Rule 3rd requests that the friends will state the line of education desired in the case of every pupil, having a prospective regard to her future prospects.

Rule 4th states the clothing and toilette articles which a girl is expected to bring with her; and thus concludes: "The pupils all appear in the same dress. They wear
plain straw cottage bonnets, in summer white frocks on Sundays, and nankeen on other days; in winter, purple stuff frocks, and purple cloth cloaks. For the sake of
uniformity, therefore, they are required to bring £3 in lieu of frocks, pelisse, bonnet, tippet, and frills; making the whole sum which each pupil brings with her to the
school -
     £7 half-year in advance.
     £1 entrance for books.
     £1 entrance for clothes. The 8th rule is - "All letters and parcels are inspected by the superintendent;" but this is a very prevalent regulation in all young ladies'
schools, where I think it is generally understood that the schoolmistress may exercise this privilege, although it is certainly unwise in her to insist too frequently upon it.

There is nothing at all remarkable in any of the other regulations, a copy of which was doubtless in Mr. Brontë's hands when he formed the determination to send his
daughters to Cowan Bridge School; and he accordingly took Maria and Elizabeth thither in July, 1824.

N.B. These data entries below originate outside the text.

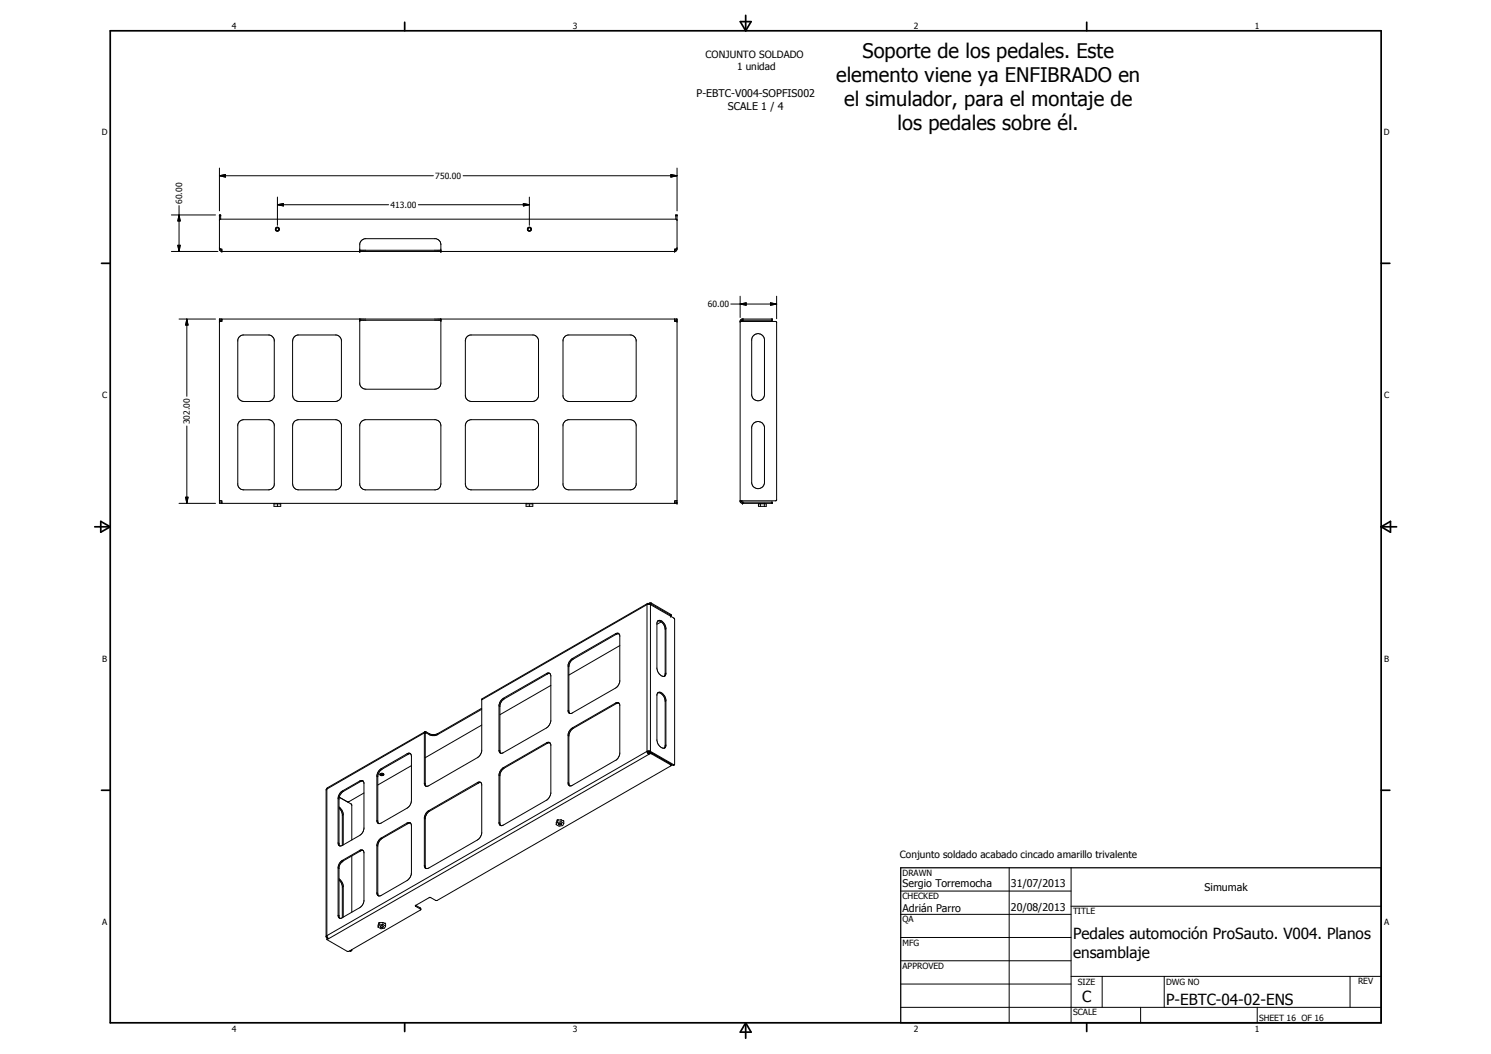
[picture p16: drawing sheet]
<svg xmlns="http://www.w3.org/2000/svg" width="420mm" height="297mm" viewBox="0 0 420 297" stroke-linecap="round" stroke-linejoin="round" font-family="sans-serif">
<defs><g id="words">
<g font-size="5.7">
<text x="243" y="16.2">Soporte de los pedales. Este</text>
<text x="235.7" y="23">elemento viene ya ENFIBRADO en</text>
<text x="237.9" y="29.8">el simulador, para el montaje de</text>
<text x="252.9" y="36.6">los pedales sobre él.</text>
</g>
<g font-size="4.3">
<text x="302.4" y="264.8">Pedales automoción ProSauto. V004. Planos</text>
<text x="302.4" y="269.9">ensamblaje</text>
<text x="304.9" y="282.4">C</text>
<text x="328.6" y="283.3">P-EBTC-04-02-ENS</text>
</g>
<g font-size="3">
<text x="196.3" y="27.4">P-EBTC-V004-SOPFIS002</text>
<text x="205.1" y="31">SCALE 1 / 4</text>
<text x="254.3" y="250">Sergio Torremocha</text>
<text x="284.9" y="250.1">31/07/2013</text>
<text x="339.5" y="251.1">Simumak</text>
<text x="254.3" y="257.1">Adrián Parro</text>
<text x="284.9" y="256.7">20/08/2013</text>
</g>
<g font-size="2.8">
<text x="198.8" y="16.5">CONJUNTO SOLDADO</text>
<text x="207.7" y="19.9">1 unidad</text>
<text x="253.6" y="241.9">Conjunto soldado acabado cincado amarillo trivalente</text>
</g>
<g font-size="2.4">
<text x="65.4" y="8">4</text>
<text x="161.4" y="8">3</text>
<text x="257.5" y="8">2</text>
<text x="353.6" y="8">1</text>
<text x="28.7" y="38">D</text>
<text x="390" y="38">D</text>
<text x="122.7" y="50.5">750.00</text>
<text x="51.3" y="57.4" transform="rotate(-90 51.3 57.4)">60.00</text>
<text x="110.1" y="58.6">413.00</text>
<text x="199.5" y="86.6">60.00</text>
<text x="28.8" y="112.2">C</text>
<text x="390" y="112.2">C</text>
<text x="53.5" y="119.5" transform="rotate(-90 53.5 119.5)">302.00</text>
<text x="28.8" y="186.5">B</text>
<text x="390.1" y="186.5">B</text>
<text x="254.3" y="246.8">DRAWN</text>
<text x="254.3" y="253.4">CHECKED</text>
<text x="302.4" y="257.7">TITLE</text>
<text x="28.8" y="260.7">A</text>
<text x="254.3" y="260">QA</text>
<text x="390" y="260.7">A</text>
<text x="254.3" y="266.5">MFG</text>
<text x="254.3" y="273.1">APPROVED</text>
<text x="303.8" y="277.5">SIZE</text>
<text x="328.6" y="277.5">DWG NO</text>
<text x="382.7" y="277.4">REV</text>
<text x="302.4" y="286.2">SCALE</text>
<text x="354.8" y="287.7">SHEET 16 OF 16</text>
<text x="65.4" y="290.7">4</text>
<text x="161.4" y="290.7">3</text>
<text x="257.5" y="290.7">2</text>
<text x="353.6" y="290.7">1</text>
</g>
</g></defs>
<g fill="none" stroke="#000" stroke-width=".28">
<path d="M50.4 58v12.9M61.8 49.5l1.7-.3v.7zM61.8 47.4v12M61.8 49.5h60.3M78.2 57.7l1.7-.3v.6zM78.2 55.5v8M78.2 57.7h31.3M117.9 57.7h31.3M130.5 49.5h60.3M147.5 57.4l1.7 .3-1.7 .3zM149.2 55.5v8M189 49.2l1.8 .3-1.8 .4z"/>
<path d="M190.8 47.4v12M48.3 60.6h12.4M48.3 70.9h13.1M50.1 69.1h.7l-.4 1.8zM50.4 60.6l.4 1.7h-.7zM61.8 60.6h.1M61.8 60.6v9.8l.6 .5h127.9l.5-.5v-9.8M61.8 69.9l.4 .3M61.8 60.6h.4M61.8 62l.2-.2h128.6l.2 .2M62.2 60.6h.1M62.2 70.2h.3v.7"/>
<path d="M62.2 60.6v1.2M62.2 70.2l.3 .3M62.5 70.9h.1M101.4 70.9h.1M101.4 70.5h.1M101.4 70.9v-2.2a1.81 1.81 0 0 1 1.5-1.4h19.9a1.81 1.81 0 0 1 1.4 1.4v2.2M101.4 70.5h22.8M124.2 70.9h.1M124.2 70.5h.1M190.1 70.9h.1M190.4 60.6h.1M190.4 70.2h-.3v.7"/>
<path d="M190.4 60.6h.4M190.4 70.2l-.3 .3M190.4 60.6v1.2M190.8 60.6h.1M190.8 69.9l-.4 .3M50.4 89.9h10.3M52.7 89.9l.3 1.7h-.7zM52.7 89.9v21.8M61.8 89.9h.1M61.8 90.3h.1M61.8 90.6h.1M61.8 89.9h129"/>
<path d="M61.8 89.9v.4M61.8 90.6v50.5M61.8 90.3h.7M62.5 89.9h.1M62.5 89.9v.7h-.7M67.4 95l1.1-.6h7.3a1.7 1.7 0 0 1 1.5 1.5v15.7a1.85 1.85 0 0 1-1.7 1.6h-6.9a1.86 1.86 0 0 1-1.7-1.6v-15.7zM83 94.8l.9-.4h10.8a1.81 1.81 0 0 1 1.5 1.5v15.7a1.86 1.86 0 0 1-1.7 1.6h-10.3a1.81 1.81 0 0 1-1.7-1.8v-15.3l.1-.7zM101.4 90.3h.1M101.4 89.9h.1M101.4 90.3h22.8M101.4 89.9v18.3a1.76 1.76 0 0 0 1.7 1.5h19.4a1.76 1.76 0 0 0 1.7-1.5v-18.3M124.2 90.3h.1"/>
<path d="M124.2 89.9h.1M131.5 95l1.1-.6h17.7a1.68 1.68 0 0 1 1.5 1.5v15.7a1.86 1.86 0 0 1-1.7 1.6h-17.2a1.85 1.85 0 0 1-1.8-1.6v-15.7zM159.2 94.8l.9-.4h17.7a1.81 1.81 0 0 1 1.5 1.5v15.7a1.86 1.86 0 0 1-1.7 1.6h-17.3a1.76 1.76 0 0 1-1.6-1.6v-15.7zM190.1 89.9h.1M190.1 90.3h.7M190.1 89.9v.7h.7M190.8 90.3h.1M190.8 89.9h.1M190.8 90.6h.1M190.8 89.9v.4M190.8 90.6v50.5M205.9 85.7h13"/>
<path d="M208.6 85.7l1.7-.4v.7zM208.6 90.6h.1M208.6 90.6h10l.3 .2v50.1l-.3 .2h-10M208.6 83.5v6M209.2 90.3h.1M209.2 89.9h.1M209.2 90.3h8.5v-.4h-8.6l-.5 .6v50.8l.1 .3 .5 .3M209.2 89.9v.4M209.2 90.3l-.3 .3M212.3 94.6a1.84 1.84 0 0 1 3.1 1v15.8a1.82 1.82 0 0 1-1.8 1.6 1.82 1.82 0 0 1-1.8-1.6v-15.8zM217.1 85.3l1.8 .4-1.8 .3zM218.9 83.5v6.3"/>
<path d="M67.4 118.9l1.1-.6h7.3l.7 .2 .7 .8 .1 17.3a1.83 1.83 0 0 1-1.5 1.4h-7.3a1.68 1.68 0 0 1-1.5-1.4v-16.8zM82.9 118.9l1-.6h10.8a1.81 1.81 0 0 1 1.5 1.5v16.8a1.81 1.81 0 0 1-1.5 1.4h-10.8a1.76 1.76 0 0 1-1.4-1.7v-16.3zM101.8 118.9l1.1-.6h19.9l.7 .2 .4 .4 .3 .9v16.8a1.68 1.68 0 0 1-1.4 1.4h-19.9a1.81 1.81 0 0 1-1.5-1.4v-16.8zM131.5 118.9l1.1-.6h17.7a1.81 1.81 0 0 1 1.5 1.5v16.8a1.81 1.81 0 0 1-1.5 1.4h-17.7a1.68 1.68 0 0 1-1.5-1.4v-16.8zM159.2 118.7l.9-.4h17.7a1.81 1.81 0 0 1 1.5 1.5v16.8a1.81 1.81 0 0 1-1.5 1.4h-17.7a1.6 1.6 0 0 1-1.4-1.4v-16.8zM212.3 119.4a1.85 1.85 0 0 1 3.1 .9v15.9a1.82 1.82 0 0 1-1.8 1.5 1.82 1.82 0 0 1-1.8-1.5v-15.9zM52.7 120.1v21.8M50.4 141.9h10.3M52.3 140.1h.7l-.3 1.8zM61.8 141.1h.1M61.8 141.1h.7v.8M62.5 141.5h-.7v.4h129"/>
<path d="M77.2 141.9v.8h1.9v-.8M77.5 141.9v.1M77.9 141.9l-.7 .1M78.2 141.9v.8M78.4 141.9l.7 .1M78.9 141.9v.1M148.2 141.9v.8h1.9v-.8M148.5 141.9v.1M148.9 141.9l-.7 .1M149.2 141.9v.8M149.4 141.9l.7 .1M149.9 141.9v.1"/>
<path d="M190.1 141.5h.7M190.8 141.9h.1M190.8 141.5h.1M190.8 141.1h.1M190.8 141.5v.4M190.8 141.1h-.7v.8M208.6 141.1h.1M208.9 141.1l.3 .4M209.2 141.9h.1M209.2 141.5h.1M209.2 141.5h8.5v.4h-8.5M209.2 141.5v.4"/>
<path d="M213.7 141.9v.8h2.2v-.7l-.4-.1M213.9 141.9h1.2M214.2 141.9v.1M214.3 142v.7M215.4 141.9v.8M173.4 178.6a.73 .73 0 0 1 .8-.1 .73 .73 0 0 1 .5 .6v12.9l-.6 1.3-.7 .6-12.1 7a.71 .71 0 0 1-1.2-.3v-13.3l.2-.7 1-1M173.4 178.6l-12.1 7M173.4 178.6l.3 .1M173.7 178.7l-12.2 7.1M174.4 178.6l-.7 .1M182.4 170.1l-.1 41.8 .5 .7M182.4 170.1h.4"/>
<path d="M182.4 170.1l-46.5 26.8-.1 .2-.1 14.7a2.54 2.54 0 0 1-1.2 1.7l-13.7 7.9a.76 .76 0 0 1-1.2-.5v-14.5l.2-.2 1.1 .6M182.8 170.1v.2M183 170.3h.5M183 170h.5M183 170v.3M183 170.3h.1M183 170l-.2 .1M183 170.3l-.7 .1-46.5 26.8M183 170.3l.3 .1M183.3 170.4l6.6 3.8 .2 .4v40.8l-.2 .1M183.3 170.4v41.4M183.5 170v.3"/>
<path d="M183.5 170.3l5.5 3.1M183.5 170l5.5 3.1M185.3 175a1.76 1.76 0 0 1 2.3 1.7l.1 13.2a.9 .9 0 0 1-.8 .7 .9 .9 0 0 1-.9-.5l-.7-.9-.2-.7v-13zM185.4 175a2.14 2.14 0 0 1 2 2.3M186.3 175.3l-1.2 .6M187.4 177.3v12.6M187.7 177.2l-.3 .1M189 173.7h.1M189 173.4l.1 .1M189 173.1v.6M189 173.1v.3M135.8 199.9l-12.5 7.1"/>
<path d="M135.8 199.6l-12.5 7.2M140.6 198.9l.3 .2M141.8 196.8l-.6 .6-.6 1.3v12.9l.2 .5 .3 .2M141.8 196.8l.3 .2M142.1 197l-.7 .5-.5 1.4 .1 13.3M154 189.8l-12.2 7M154 189.8a.76 .76 0 0 1 1.2 .5l-.1 13.2a2.5 2.5 0 0 1-1.1 1.6l-12.3 7.1-.7 .1M154 189.8l.3 .1M154.3 189.9l-12.2 7.1M155 189.8l-.7 .1M155.2 193.2l-14.3 8.2M160.1 187.7l.2 .2"/>
<path d="M160.3 187.9v12.6l.3 .6M161.3 185.6l.2 .2M161.5 185.8l-.9 1-.3 1.1M173.4 198.2l.8-.2 .5 .7v13.7l-.5 1.1-.6 .7-12.3 7.1-.7 .2-.5-.5v-14.2l.4-.8 .8-.9M173.4 198.2l-12.1 6.9M173.4 198.2l.3 .1M173.7 198.3l-12.2 7M174.4 198.2l-.7 .1M174.7 181.9l-14.4 8.3M185.3 195.3a1.47 1.47 0 0 1 2.1 1l.3 .9v13a.8 .8 0 0 1-.7 .7 .8 .8 0 0 1-.9-.4l-.6-.8-.4-1v-13zM185.4 195.2a2.23 2.23 0 0 1 2 2.4M187.4 197.6v12.5"/>
<path d="M187.4 189.9l-.3 .7M187.7 197.5l-.3 .1M187.7 189.7l-.3 .2M106.2 218.7l.3 .2M107 218.2a.56 .56 0 0 1 .7-.3 .56 .56 0 0 1 .4 .5l-.2 .2a.59 .59 0 0 1-.9-.4zM107.1 218.1l.3 .2 .7-.2M107.4 216.6l.2 .2M107.6 216.8l-.7 .8-.4 1.1v12.9l.2 .5M114.7 212.4l-7.3 4.2M114.7 212.4l.3 .2M115 212.6l-7.4 4.2M115.6 212.4l.3 .7v12.5l-.3 1.1-.9 1.1-7.3 4.1a.73 .73 0 0 1-.7 .2 .73 .73 0 0 1-.5-.7v-12.9l.6-1.3 .6-.6"/>
<path d="M115.6 212.4l-.5-.1-.4 .1M115.7 212.4l-.7 .2M115.9 215.8l-9.4 5.4M119.6 206.5l-27.7 16v41.5l.2 .2M119.7 206.2l-27.6 16v41.6l.5 .7M120.1 206.5l.8 .5M120.1 206.5l-.3 .1v14.4l.3 .6M120.1 206.5l-.3 .2M120.9 206.8l.9 .2 1.5-.2M120.9 207l.2 .1a2.54 2.54 0 0 0 2.2-.1M120.9 206.8v.2M123.3 206.8v.2"/>
<path d="M135.8 204.3l-16 9.2M140.6 211.5l.3 .1M140.6 218.5l.3 .1M141.8 216.4l-.6 .6-.6 1.2v13.8l.5 .7M141.8 216.4l.3 .1M142.1 216.5l-.7 .6-.5 1.3 .1 14.2M154 209.3a.78 .78 0 0 1 1.2 .5l-.1 14a2.5 2.5 0 0 1-1.1 1.7l-12.2 7-.8 .2M154 209.3l-12.2 7.1M154 209.3l.3 .2M154.3 209.5l-12.2 7M155 209.3l-.7 .2M160.1 200.2l.2 .2"/>
<path d="M160.1 207.3l.2 .1M160.3 207.4v13.5l.3 .6M161.3 205.1l.2 .2M161.5 205.3a2.88 2.88 0 0 0-1.2 2.1M182.3 211.8l.3 .1M182.3 211.8l-90.4 52.1M182.3 211.8h1M182.6 211.9h.4M182.6 211.9l.2 .4M182.8 212.3v.3M182.8 212.6l-90.2 51.9M183 212.1v.3"/>
<path d="M183 212.4h.5M183 212.1h.5M183 212.4l-.2 .2M183 212.1l-.2 .2M183 211.9l6.6 3.7M183.3 211.8l-.3 .1M183.3 211.8l6.6 3.7M183.5 212.1v.3M183.5 212.4l5.5 3.2M183.5 212.1l5.5 3.2M187.4 210.1l-.3 .8M187.7 210l-.3 .1"/>
<path d="M189 215.3v.6l-65.8 37.8-.4 .1-1.7-.9-3.9 2.2M189 215.6l.1 .1M189 215.3v.3M189.9 215.5l-.3 .1M190 215.5l-.4 .1M92.2 222.1l-.1 .1M95.3 225l.2 .2M95.3 237.5l.2 .2M95.5 227.4l.9 .9 .3 1.1v8.7M95.5 227.8l.7 .7 .3 1v8.8M95.6 224.7l3.4 1.9 .1 .3v9.8M96.5 222.9a2.57 2.57 0 0 0-1.2 1.9v12.9a.7 .7 0 0 0 .4 .7 .7 .7 0 0 0 .8-.1"/>
<path d="M96.5 222.9l.2 .2M96.7 229.6l-.2 .1M96.7 223.1l-.9 1-.3 .6v13.3l.2 .4M101.3 220.1a.73 .73 0 0 1 .8-.1 .73 .73 0 0 1 .5 .6v13l-.2 .6-1.1 1.3-4.8 2.8M101.3 239.7a.73 .73 0 0 1 .8-.1 .73 .73 0 0 1 .5 .6v13.7l-.2 .7-.9 1.1-5 2.9M101.3 220.1l-4.8 2.8M101.3 239.7l-4.8 2.8M101.3 220.1l.3 .2M101.3 239.7l.3 .1M101.6 220.3l-4.9 2.8M101.6 239.8l-4.9 2.8M102.3 220.1l-.7 .2"/>
<path d="M102.3 239.7l-.7 .1M102.6 223.5l-4.3 2.4h-.5M106.2 231.3l.3 .1M106.2 238.3l.3 .1M107.4 236.2l-.6 .6-.6 1.3v13.7l.2 .5 .4 .2M107.4 236.2l.2 .1M107.6 236.3l-.6 .6-.5 1.3v13.8l.2 .5M114.7 231.9l-7.3 4.3M114.7 231.9h.9M114.7 231.9l.3 .2M115 232.1l-7.4 4.2M115.6 231.9l.3 .8v13.6a2.79 2.79 0 0 1-1.2 1.9l-7.3 4.1-.6 .2"/>
<path d="M115.7 231.9l-.7 .2M119.6 220.7l.2 .2M119.6 230.5l.2 .2M120.8 228.5l.3 .1M121.1 228.6l-.9 .8-.4 1.1v13.8l.3 .5M134.5 220.6l.8-.2 .5 .7v13.7a2.58 2.58 0 0 1-1.3 1.9l-13.7 7.9-.8 .2-.4-.7v-13.7l.5-1.3 .7-.6M134.5 220.6l-13.7 7.9M134.5 220.6l.3 .1M134.8 220.7l-13.7 7.9M135.5 220.6l-.7 .1M140.6 231.8l.3 .1M157 231.4l-.3 .4v.6"/>
<path d="M157 231.1v.7M157 231.1v.1M157 231.8l-.3 .6M157.5 232a.39 .39 0 0 1 .5 0 .39 .39 0 0 1 .1 .4h-.6zM158.1 231l-1.1 .1M158.1 231l.8 .4v.7M158.1 231v.6M158.1 231.6l.8 .5M158.1 231.6l-1.1 .2M158.9 232.1l-.3 .6-1 .1-.9-.4M160.1 220.6l.2 .2M95.3 244.6l.2 .1"/>
<path d="M95.3 257.9l.2 .2M95.5 247.6a3.1 3.1 0 0 1 1.2 2v8.9M95.5 248l.7 .8 .3 .9v8.9M96.4 242.9l-.1 .1M96.5 242.5l-.8 .7-.4 1.2v13.7a.69 .69 0 0 0 .4 .7 .69 .69 0 0 0 .8-.2M96.5 242.5l.2 .1M96.6 242.7l-.7 .7-.4 .9v14.1l.2 .4M96.7 249.9l-.2 .1M96.7 242.6l-.3 .3M99.1 241.2v15.9M106.2 251.6l.3 .2M107.9 260h-1.1"/>
<path d="M107.9 260l.8 .3v.7M107.9 260v.5M117.2 255.1v.3M117.2 255.4l1.3 .8M117.2 255.1l1.3 .8M118.5 255.9l.1 .5-20.3 11.7h-.5l-5.7-3.3M118.5 256.2h.1M118.5 255.9v.3M119.6 243.9l.2 .2M253.8 251.1h48M253.8 257.7h48M284.4 244.6v43.6"/>
<path d="M301.8 255.4h87.4M301.8 244.6v43.6M92.1 264.2l.3 .2M92.2 264.2h-.1M92.4 264.4l-.3 .1v.3M92.6 264.5l-.5 .3M98.5 268h.2M98.8 267.8l.1 .1M98.9 267.9l-.2 .1M99.1 267.9l-.4 .1M99.1 267.6l-.2 .3M106.8 260l-.3 1.3"/>
<path d="M106.8 260v.7M106.8 260.7l-.3 .6M107.2 261l.6-.1 .2 .3-.6 .2zM107.9 260.5l.8 .5M107.9 260.5l-1.1 .2M108.7 261l-.3 .6-1.1 .1-.8-.4M253.8 264.2h48M253.8 270.8h48M253.8 277.3h48M301.8 275.2h87.4M310.6 275.2v8.7M328.1 275.2v8.7"/>
<path d="M380.4 275.2v8.7M253.8 283.9h135.4M321.4 283.9v4.3M354.3 283.9v4.3"/>
<circle cx="78.1" cy="64.6" r=".57"/>
<circle cx="78.1" cy="64.6" r=".43"/>
<circle cx="149.2" cy="64.6" r=".43"/>
<circle cx="149.2" cy="64.6" r=".58"/>
</g>
<g fill="none" stroke="#000" stroke-width=".48">
<path d="M31.1 8.7h358.1v279.5h-358.1zM114 6.3v2.4M208.6 6.1h3.1l-1.6 2.6zM210.1 4.3v4.4M306.2 6.3v2.4M28.6 74.2h2.5M389.2 74.2h2.5M26.7 148.5h4.4M28.4 146.9l2.7 1.6-2.7 1.5zM389.2 148.5h4.4M389.2 148.5l2.6-1.6v3.1zM28.6 222.7h2.5"/>
<path d="M389.2 222.7h2.5M114 288.2v2.5M210.1 288.2v4.4M210.1 288.2l1.6 2.7h-3.1zM306.2 288.2v2.5"/>
</g>
<path d="M253.8 244.6h135.4v43.6h-135.4z" fill="none" stroke="#000" stroke-width=".35"/>
<path d="M61.8 49.5l1.7-.3v.7zM78.2 57.7l1.7-.3v.6zM147.5 57.4l1.7 .3-1.7 .3zM189 49.2l1.8 .3-1.8 .4zM50.1 69.1h.7l-.4 1.8zM50.4 60.6l.4 1.7h-.7zM52.7 89.9l.3 1.7h-.7zM208.6 85.7l1.7-.4v.7zM217.1 85.3l1.8 .4-1.8 .3zM52.3 140.1h.7l-.3 1.8z" fill="#000"/>
<use href="#words"/>
</svg>

I now come to a part of my subject which I find great difficulty in treating, because the evidence relating to it on each side is so conflicting that it seems almost
impossible to arrive at the truth. Miss Brontë more than once said to me, that she should not have written what she did of Lowood in Jane Eyre, if she had thought
the place would have been so immediately identified with Cowan Bridge, although there was not a word in her account of the institution but what was true at the time
when she knew it; she also said that she had not considered it necessary, in a work of fiction, to state every particular with the impartiality that might be required in a
court of justice, nor to seek out motives, and make allowances for human feelings, as she might have done, if dispassionately analysing the conduct of those who had
the superintendence of the institution. I believe she herself would have been glad of an opportunity to correct the over-strong impression which was made upon the
public mind by her vivid picture, though even she, suffering her whole life long, both in heart and body, from the consequences of what happened there, might have
been apt, to the last, to take her deep belief in facts for the facts themselves - her conception of truth for the absolute truth.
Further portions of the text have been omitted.